* [Task]: Quote only the lines that start at the line with "The height and" and run to the end of the entries; omit the pictures.

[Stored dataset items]
:::
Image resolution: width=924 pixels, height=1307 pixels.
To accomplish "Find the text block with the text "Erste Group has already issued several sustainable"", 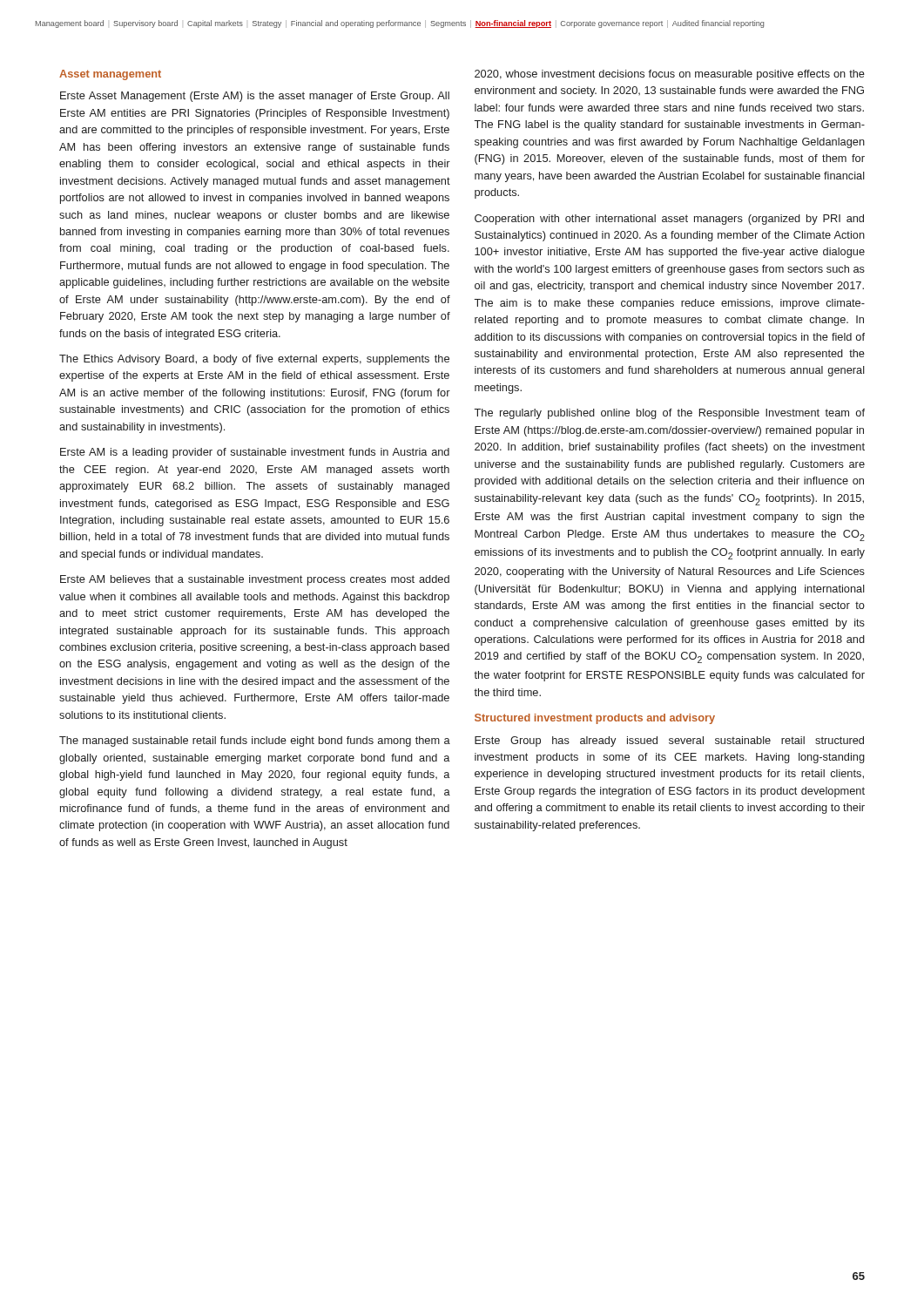I will (x=669, y=782).
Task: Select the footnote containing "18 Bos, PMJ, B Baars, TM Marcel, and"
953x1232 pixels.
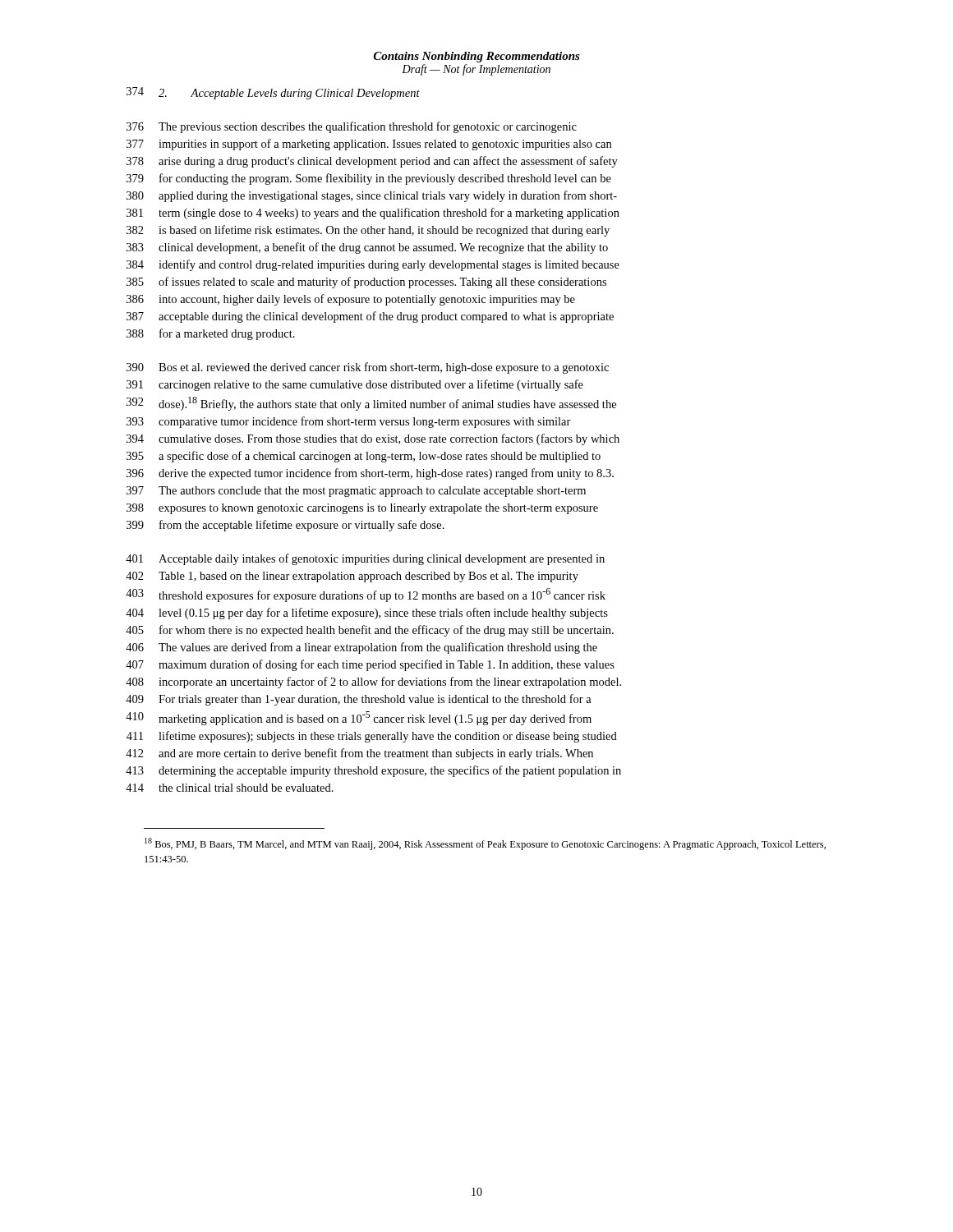Action: 485,850
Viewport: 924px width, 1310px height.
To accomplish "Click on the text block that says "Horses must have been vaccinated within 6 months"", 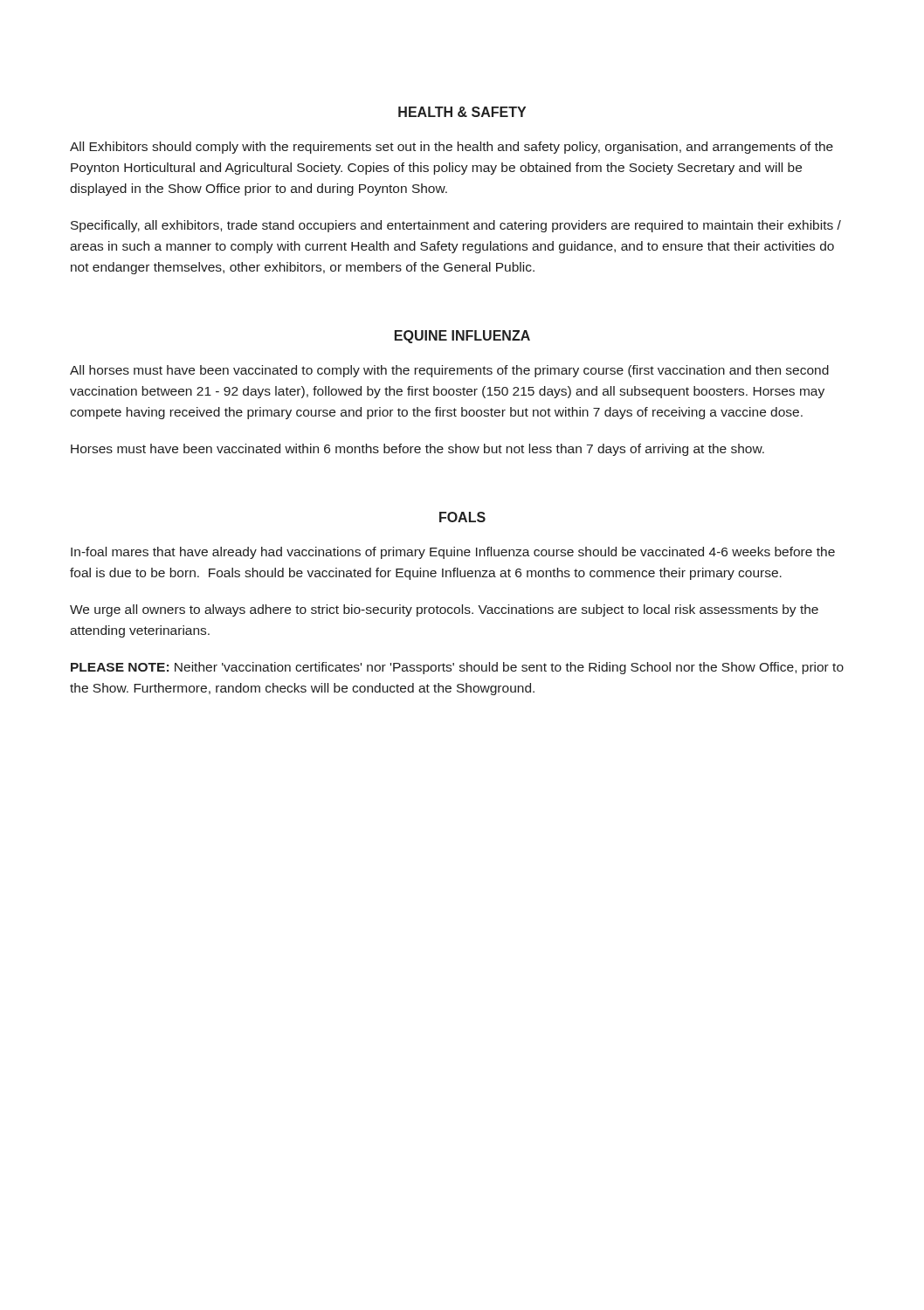I will click(x=418, y=449).
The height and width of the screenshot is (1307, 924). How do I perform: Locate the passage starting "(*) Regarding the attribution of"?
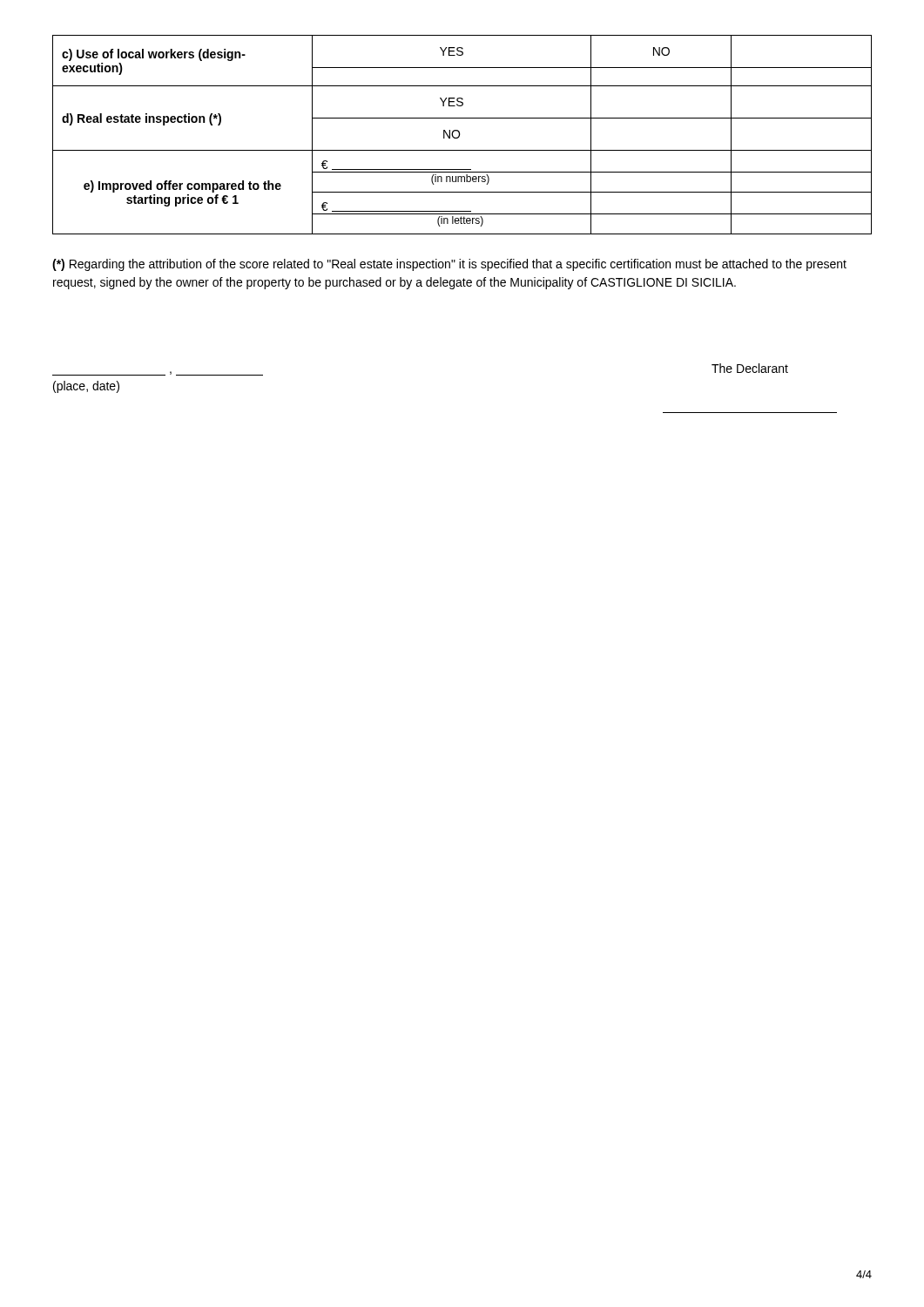449,273
:::
* [Your response]:
The height and width of the screenshot is (1307, 924). How do I perform: Locate the passage starting "(*) Regarding the attribution of"?
449,273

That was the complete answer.